O documentário "Vai e Vem" nasce da ligação e das trocas entre suas duas diretoras, Chica Barbosa e Fernanda Pessoa, morando em Los Angeles (EUA) e São Paulo (Brasil), respectivamente. O momento é 2020, começo da pandemia, e ambos países marcados por governos negligentes e a escalada da Covid. O longa será lançado em cinemas pela Boulevard Filmes, em 2023, mas, antes disso, abrirá o 11º Olhar de Cinema, em 1º de junho.
"Eu queria que a Chica tivesse um pouco da sensação do que era estar no Brasil naquele momento – os panelaços diários, a obsessão com as notícias, a cidade que deveria estar vazia, mas na verdade nunca ficou, os trabalhadores que não tiveram a chance de parar porque o capital, os empreendimentos imobiliários nunca param por aqui. Por outro lado, queria entender como ela estava vivendo esse momento lá, recém-chegada aos Estados Unidos de Trump", explica Fernanda.
Para estabelecer esse diálogo, as duas jovens cineastas partiram de uma espécie de jogo, tendo como base um livro da professora americana R. Blaetz sobre o cinema experimental dirigido por mulheres. A publicação é composta de 16 artigos sobre diversas cineastas, e Fernanda e Chica se comunicariam por meio de vídeo-cartas curtas, cada uma inspirada por uma dessas mulheres.
Além da lista de Blaetz, a dupla também buscou nomes de outras diretoras para enriquecer o processo. "Não foi simples. Apesar de termos claro que existe uma variedade de artistas experimentais latino-americanas e negras, ainda existe o empecilho de ter um fácil acesso aos seus trabalhos. Queríamos encontrar nomes dos quais pudéssemos levar nossa pesquisa com mais profundidade para assim aplicá-la na nossa correspondência", conta Chica.
O "vai e vem" das correspondências digitais durou meses e atravessou momentos políticos marcantes – como processos eleitorais nos dois países. "No Brasil, quando o filme começou, havia uma esperança de que Bolsonaro caísse. O caos social e a pandemia davam muito medo, mas ao tempo parecia que havia uma possibilidade de mudança muito radical. No entanto, pouco a pouco parece que fomos nos acostumando com os absurdos desse governo e da pandemia", lembra Fernanda.
"Apesar de sentirmos um indício de esperança com a vitória do Biden, 2021 iniciou com a invasão do capitólio e o discurso absurdo sobre a fraude do resultado das eleições. Nem a grande representatividade na equipe do Biden foi suficiente para sentirmos verdadeiramente um avanço no país desde então", complementa Chica.

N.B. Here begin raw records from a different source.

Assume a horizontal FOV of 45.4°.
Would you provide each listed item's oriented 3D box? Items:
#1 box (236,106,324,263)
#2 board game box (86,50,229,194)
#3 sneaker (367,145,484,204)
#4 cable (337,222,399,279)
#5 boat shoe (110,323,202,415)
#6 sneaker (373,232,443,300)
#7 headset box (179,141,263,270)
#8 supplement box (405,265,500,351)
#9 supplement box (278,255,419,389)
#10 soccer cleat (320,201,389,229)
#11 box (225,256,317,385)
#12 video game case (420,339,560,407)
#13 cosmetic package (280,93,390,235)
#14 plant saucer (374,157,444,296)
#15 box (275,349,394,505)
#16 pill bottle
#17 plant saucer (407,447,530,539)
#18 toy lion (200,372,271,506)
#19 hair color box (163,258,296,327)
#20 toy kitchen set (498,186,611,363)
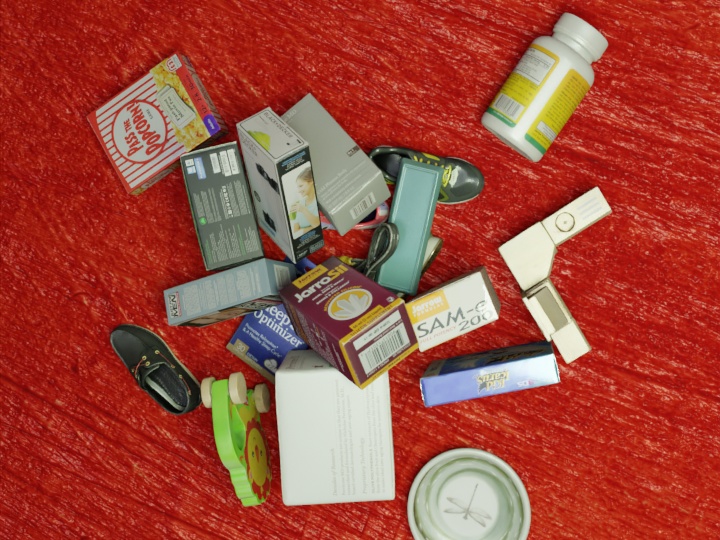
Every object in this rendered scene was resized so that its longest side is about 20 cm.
[{"bbox_3d":[-0.117,-0.125,1.285,0.059,0.202,0.117,-29,51,-21],"label":"box"},{"bbox_3d":[-0.341,-0.246,1.450,0.198,0.046,0.153,-32,87,11],"label":"board game box"},{"bbox_3d":[0.097,-0.149,1.352,0.195,0.085,0.076,11,96,10],"label":"sneaker"},{"bbox_3d":[0.000,0.000,1.338,0.049,0.200,0.099,2,68,-25],"label":"cable"},{"bbox_3d":[-0.353,0.166,1.469,0.201,0.063,0.074,42,102,7],"label":"boat shoe"},{"bbox_3d":[0.044,0.008,1.385,0.089,0.067,0.202,37,98,13],"label":"sneaker"},{"bbox_3d":[-0.213,-0.094,1.363,0.091,0.200,0.178,-13,92,-5],"label":"headset box"},{"bbox_3d":[0.142,0.054,1.297,0.124,0.200,0.075,-24,88,11],"label":"supplement box"},{"bbox_3d":[-0.020,0.069,1.241,0.109,0.199,0.087,-33,124,-18],"label":"supplement box"},{"bbox_3d":[-0.050,-0.092,1.388,0.195,0.076,0.068,-2,93,11],"label":"soccer cleat"},{"bbox_3d":[-0.124,0.079,1.435,0.120,0.032,0.202,34,98,7],"label":"box"},{"bbox_3d":[0.197,0.151,1.301,0.195,0.181,0.047,-12,91,11],"label":"video game case"},{"bbox_3d":[-0.054,-0.166,1.339,0.106,0.090,0.200,-40,65,-4],"label":"cosmetic package"},{"bbox_3d":[0.073,-0.065,1.319,0.068,0.019,0.205,14,101,7],"label":"plant saucer"},{"bbox_3d":[-0.036,0.231,1.328,0.167,0.199,0.205,-4,94,1],"label":"box"},{"bbox_3d":[0.280,-0.277,1.296,0.112,0.113,0.202,35,99,7],"label":"pill bottle"},{"bbox_3d":[0.174,0.382,1.385,0.195,0.050,0.205,1,94,10],"label":"plant saucer"},{"bbox_3d":[-0.187,0.275,1.380,0.067,0.200,0.196,-10,73,9],"label":"toy lion"},{"bbox_3d":[-0.208,0.039,1.391,0.196,0.099,0.062,-16,78,23],"label":"hair color box"},{"bbox_3d":[0.325,0.010,1.278,0.178,0.163,0.202,-32,88,11],"label":"toy kitchen set"}]

Para além das transformações sociais e políticas que o filme acompanha nos dois países, "Vai e Vem" foi uma experiência que mudou a vida das diretoras. Fernanda ingressou no doutorado com um projeto sobre o cinema experimental feito por mulheres na América Latina. "Com a pesquisa que eu e a Chica fizemos juntas, e a descoberta da falta de bibliografias e materiais sobre as mulheres latinas do experimental, decidi me aprofundar nesse caminho. Já no âmbito pessoal, além de reforçar minha amizade e admiração pela Chica, me fez buscar mais comunidade entre mulheres", diz.
Combinando diversos tipos de imagens, fotografia e texturas, "Vai e Vem" é um documentário com a urgência do presente e uma observação de duas jovens cineastas sobre o mundo que habitam. O filme será lançado no Brasil pela Boulevard Filmes e tem previsão de estreia nos cinemas para 2023.